Fonte 1: Le tue parole chiave SEO esistenti
Inizia con la tua ricerca di parole chiave, ma non incollare le parole chiave direttamente nel tuo strumento di monitoraggio. I prompt IA sono conversazionali, non basati su parole chiave. Converti ogni parola chiave in una domanda naturale.
| Parola chiave SEO | Prompt di monitoraggio IA migliore |
|---|---|
| “monitoraggio brand IA” | “Come posso monitorare se ChatGPT e Gemini menzionano il mio brand?” |
| “strumenti GEO” | “Quali sono i migliori strumenti di ottimizzazione per motori generativi per un team B2B SaaS?” |
| “menzioni brand ChatGPT” | “Come posso tracciare se ChatGPT raccomanda la mia azienda agli acquirenti?” |
| “visibilità LLM” | “Quali piattaforme aiutano i team marketing a tracciare la visibilità attraverso i modelli linguistici di grandi dimensioni?” |
Consiglio: Usa ChatGPT o Claude stesso per convertire il tuo elenco di parole chiave.
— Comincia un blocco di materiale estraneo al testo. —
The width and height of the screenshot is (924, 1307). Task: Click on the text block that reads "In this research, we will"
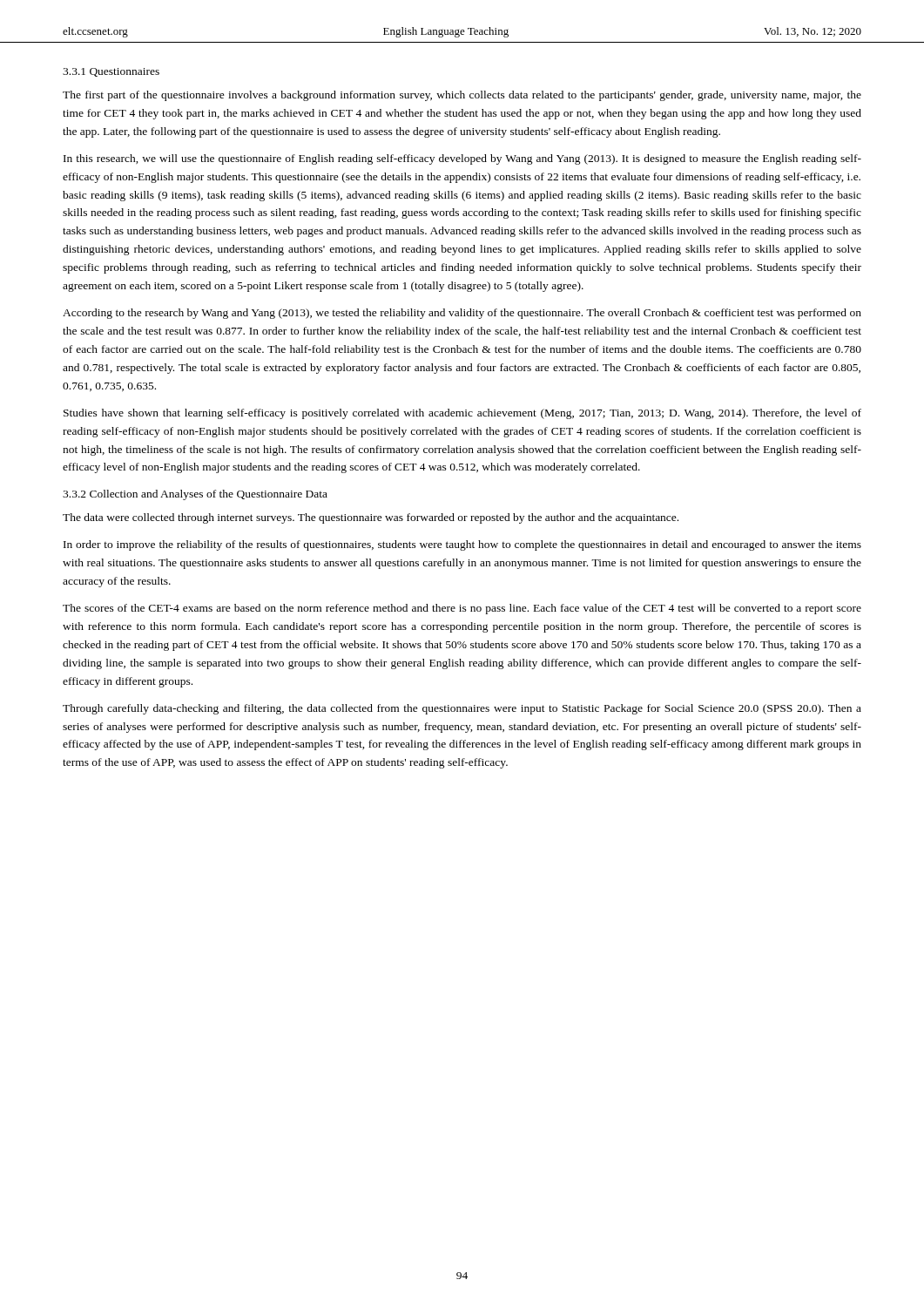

Prompt: “Converti queste parole chiave SEO in domande naturali e conversazionali che un acquirente farebbe a ChatGPT. Output: una domanda per parola chiave.”
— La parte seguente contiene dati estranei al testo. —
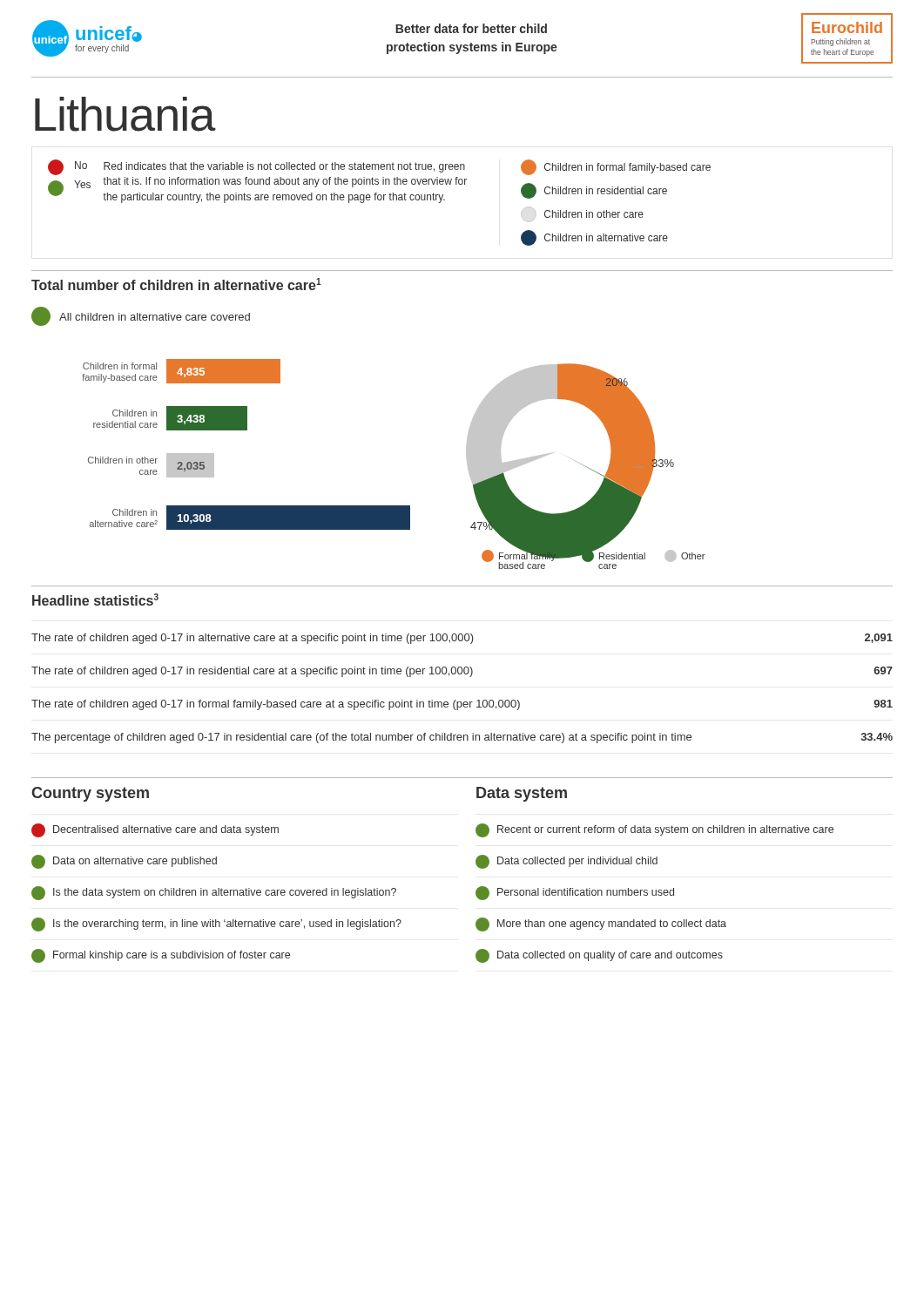Locate the title
The width and height of the screenshot is (924, 1307).
123,114

Fonte 2: Conversazioni di vendita e supporto clienti
Il tuo team di vendita sente il linguaggio degli acquirenti ogni giorno. Chiedi loro:
- Quali problemi descrivono i potenziali clienti nelle chiamate di scoperta?
- Quali confronti tra competitor chiedono gli acquirenti?
- Quali obiezioni emergono ripetutamente?
- Quali funzionalità o casi d’uso chiedono specificamente gli acquirenti?
I log del tuo supporto clienti sono altrettanto preziosi. Quali problemi incontrano gli utenti? Cosa chiedono prima di acquistare? Questi diventano prompt come:
- “Quali sono le principali limitazioni degli strumenti [categoria]?”
- “Cosa dovrei verificare prima di acquistare software [categoria]?”
- “Quali strumenti [categoria] si integrano con [piattaforma]?”
Fonte 3: Analisi della concorrenza
Se i tuoi competitor appaiono costantemente nelle risposte dell’IA, devi sapere quali prompt stanno vincendo. Esegui il tuo set di prompt iniziale e registra quali competitor appaiono. Poi procedi a ritroso:
- Per ogni competitor che appare, cerca “[Competitor] alternative” e “[Competitor] vs” per trovare prompt di confronto che ti mancano.
- Controlla quali pagine o fonti specifiche cita l’IA quando menziona i competitor. Quelle fonti sono i fattori scatenanti.
Fonte 4: Forum della community e piattaforme social
Reddit, Quora e forum di nicchia contengono il linguaggio esatto che gli acquirenti usano prima di sapere che la tua categoria esiste. Cerca su queste piattaforme:
- “Come faccio a [risolvere problema che il tuo prodotto affronta]?”
- “Cosa usano le persone per [la tua categoria]?”
- “Esiste uno strumento che [tua funzionalità principale]?”
Queste domande formulate in modo naturale appaiono raramente negli strumenti per parole chiave, ma sono esattamente i prompt che gli utenti digitano negli assistenti IA.
Fonte 5: Le stesse piattaforme di IA
Usa i motori di IA che stai monitorando per generare idee di prompt. Prova:
- “Quali domande fanno le persone quando cercano [la tua categoria]?”
- “Quali sono i modi comuni in cui le persone formulano richieste per [la tua soluzione]?”
- “Quali domande di follow-up fanno le persone dopo aver cercato [la tua categoria]?”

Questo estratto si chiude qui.